### Directions for this task
Each entry below is to be restated word for word, with no pictures carried over.

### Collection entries
⟨

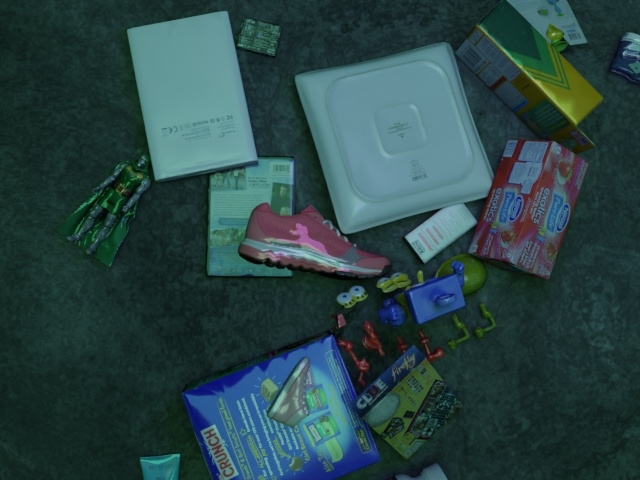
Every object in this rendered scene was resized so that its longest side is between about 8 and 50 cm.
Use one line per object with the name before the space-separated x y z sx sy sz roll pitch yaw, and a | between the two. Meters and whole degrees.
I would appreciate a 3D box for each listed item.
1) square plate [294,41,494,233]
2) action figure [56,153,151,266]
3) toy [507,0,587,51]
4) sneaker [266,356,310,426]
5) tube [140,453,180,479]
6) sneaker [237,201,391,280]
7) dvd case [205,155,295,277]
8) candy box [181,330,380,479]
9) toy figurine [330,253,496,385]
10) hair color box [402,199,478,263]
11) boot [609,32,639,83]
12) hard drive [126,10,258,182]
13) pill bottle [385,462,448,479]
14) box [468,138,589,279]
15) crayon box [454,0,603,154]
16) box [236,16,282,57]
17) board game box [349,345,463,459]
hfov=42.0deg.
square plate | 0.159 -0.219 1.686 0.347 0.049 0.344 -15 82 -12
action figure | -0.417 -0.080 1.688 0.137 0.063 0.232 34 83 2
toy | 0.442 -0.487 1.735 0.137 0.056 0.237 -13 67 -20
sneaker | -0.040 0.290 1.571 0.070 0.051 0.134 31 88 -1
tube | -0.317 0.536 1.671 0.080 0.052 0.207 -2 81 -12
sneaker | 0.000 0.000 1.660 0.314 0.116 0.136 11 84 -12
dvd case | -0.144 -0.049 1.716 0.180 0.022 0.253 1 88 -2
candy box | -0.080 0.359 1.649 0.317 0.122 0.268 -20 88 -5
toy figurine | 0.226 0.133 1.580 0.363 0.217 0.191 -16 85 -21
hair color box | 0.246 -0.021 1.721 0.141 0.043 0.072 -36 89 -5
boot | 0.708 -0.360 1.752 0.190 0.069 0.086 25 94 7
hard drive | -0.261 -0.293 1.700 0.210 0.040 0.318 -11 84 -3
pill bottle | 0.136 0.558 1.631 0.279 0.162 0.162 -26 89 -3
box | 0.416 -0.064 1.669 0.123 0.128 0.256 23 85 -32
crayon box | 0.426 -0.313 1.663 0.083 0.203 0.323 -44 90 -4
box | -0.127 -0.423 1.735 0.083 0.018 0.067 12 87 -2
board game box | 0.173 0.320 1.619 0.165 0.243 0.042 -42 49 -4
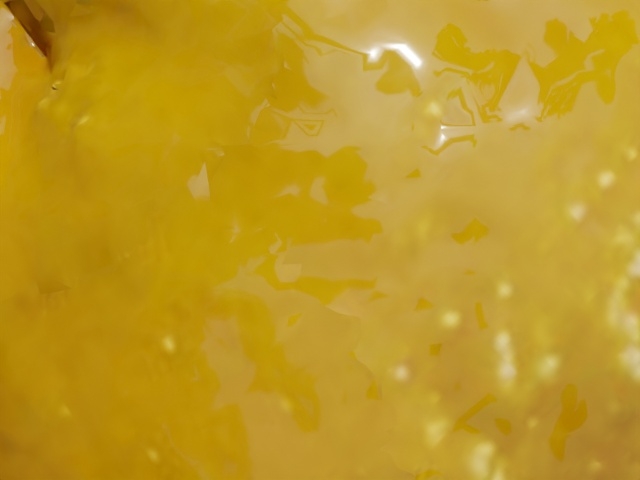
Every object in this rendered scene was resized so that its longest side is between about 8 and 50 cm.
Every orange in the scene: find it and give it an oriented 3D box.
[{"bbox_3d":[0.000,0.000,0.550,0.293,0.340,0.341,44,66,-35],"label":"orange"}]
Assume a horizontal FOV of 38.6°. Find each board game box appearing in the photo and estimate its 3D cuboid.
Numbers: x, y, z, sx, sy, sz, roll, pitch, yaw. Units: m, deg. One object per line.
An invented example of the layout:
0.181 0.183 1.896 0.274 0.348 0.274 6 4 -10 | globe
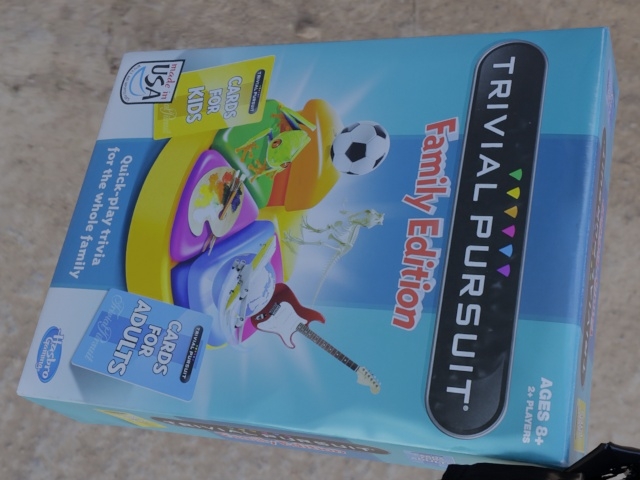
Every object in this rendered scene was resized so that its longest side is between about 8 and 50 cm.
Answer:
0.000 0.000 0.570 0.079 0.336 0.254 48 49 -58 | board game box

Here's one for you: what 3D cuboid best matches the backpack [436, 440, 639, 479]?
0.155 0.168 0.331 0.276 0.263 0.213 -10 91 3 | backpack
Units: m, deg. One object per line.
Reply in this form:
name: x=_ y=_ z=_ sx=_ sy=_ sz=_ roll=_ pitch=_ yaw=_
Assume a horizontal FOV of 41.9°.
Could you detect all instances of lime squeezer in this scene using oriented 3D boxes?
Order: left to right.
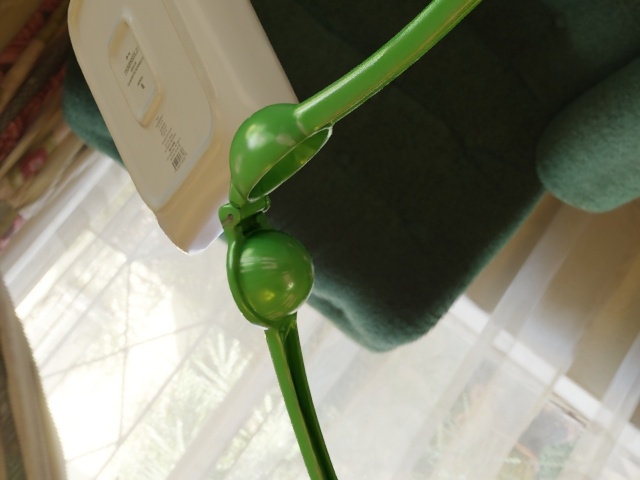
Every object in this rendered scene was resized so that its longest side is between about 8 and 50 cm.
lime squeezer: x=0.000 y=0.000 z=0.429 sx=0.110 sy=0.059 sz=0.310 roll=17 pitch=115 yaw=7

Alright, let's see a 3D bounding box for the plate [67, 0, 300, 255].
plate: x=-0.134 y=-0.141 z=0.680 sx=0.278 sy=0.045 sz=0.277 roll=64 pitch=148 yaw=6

⟩

### Finished task
Every object in this rendered scene was resized so that its longest side is between about 8 and 50 cm.
Use one line per object with the name before the space-separated x y z sx sy sz roll pitch yaw, and a | between the two. Meters and whole degrees.
I would appreciate a 3D box for each listed item.
1) square plate [294,41,494,233]
2) action figure [56,153,151,266]
3) toy [507,0,587,51]
4) sneaker [266,356,310,426]
5) tube [140,453,180,479]
6) sneaker [237,201,391,280]
7) dvd case [205,155,295,277]
8) candy box [181,330,380,479]
9) toy figurine [330,253,496,385]
10) hair color box [402,199,478,263]
11) boot [609,32,639,83]
12) hard drive [126,10,258,182]
13) pill bottle [385,462,448,479]
14) box [468,138,589,279]
15) crayon box [454,0,603,154]
16) box [236,16,282,57]
17) board game box [349,345,463,459]
hfov=42.0deg.
square plate | 0.159 -0.219 1.686 0.347 0.049 0.344 -15 82 -12
action figure | -0.417 -0.080 1.688 0.137 0.063 0.232 34 83 2
toy | 0.442 -0.487 1.735 0.137 0.056 0.237 -13 67 -20
sneaker | -0.040 0.290 1.571 0.070 0.051 0.134 31 88 -1
tube | -0.317 0.536 1.671 0.080 0.052 0.207 -2 81 -12
sneaker | 0.000 0.000 1.660 0.314 0.116 0.136 11 84 -12
dvd case | -0.144 -0.049 1.716 0.180 0.022 0.253 1 88 -2
candy box | -0.080 0.359 1.649 0.317 0.122 0.268 -20 88 -5
toy figurine | 0.226 0.133 1.580 0.363 0.217 0.191 -16 85 -21
hair color box | 0.246 -0.021 1.721 0.141 0.043 0.072 -36 89 -5
boot | 0.708 -0.360 1.752 0.190 0.069 0.086 25 94 7
hard drive | -0.261 -0.293 1.700 0.210 0.040 0.318 -11 84 -3
pill bottle | 0.136 0.558 1.631 0.279 0.162 0.162 -26 89 -3
box | 0.416 -0.064 1.669 0.123 0.128 0.256 23 85 -32
crayon box | 0.426 -0.313 1.663 0.083 0.203 0.323 -44 90 -4
box | -0.127 -0.423 1.735 0.083 0.018 0.067 12 87 -2
board game box | 0.173 0.320 1.619 0.165 0.243 0.042 -42 49 -4
Every object in this rendered scene was resized so that its longest side is between about 8 and 50 cm.
Every orange in the scene: find it and give it an oriented 3D box.
[{"bbox_3d":[0.000,0.000,0.550,0.293,0.340,0.341,44,66,-35],"label":"orange"}]
Assume a horizontal FOV of 38.6°. Find each board game box appearing in the photo and estimate its 3D cuboid.
Numbers: x, y, z, sx, sy, sz, roll, pitch, yaw. Units: m, deg. One object per line.
An invented example of the layout:
0.181 0.183 1.896 0.274 0.348 0.274 6 4 -10 | globe
Every object in this rendered scene was resized so that its longest side is between about 8 and 50 cm.
Answer:
0.000 0.000 0.570 0.079 0.336 0.254 48 49 -58 | board game box

Here's one for you: what 3D cuboid best matches the backpack [436, 440, 639, 479]?
0.155 0.168 0.331 0.276 0.263 0.213 -10 91 3 | backpack
Units: m, deg. One object per line.
Reply in this form:
name: x=_ y=_ z=_ sx=_ sy=_ sz=_ roll=_ pitch=_ yaw=_
Assume a horizontal FOV of 41.9°.
Could you detect all instances of lime squeezer in this scene using oriented 3D boxes?
Order: left to right.
Every object in this rendered scene was resized so that its longest side is between about 8 and 50 cm.
lime squeezer: x=0.000 y=0.000 z=0.429 sx=0.110 sy=0.059 sz=0.310 roll=17 pitch=115 yaw=7

Alright, let's see a 3D bounding box for the plate [67, 0, 300, 255].
plate: x=-0.134 y=-0.141 z=0.680 sx=0.278 sy=0.045 sz=0.277 roll=64 pitch=148 yaw=6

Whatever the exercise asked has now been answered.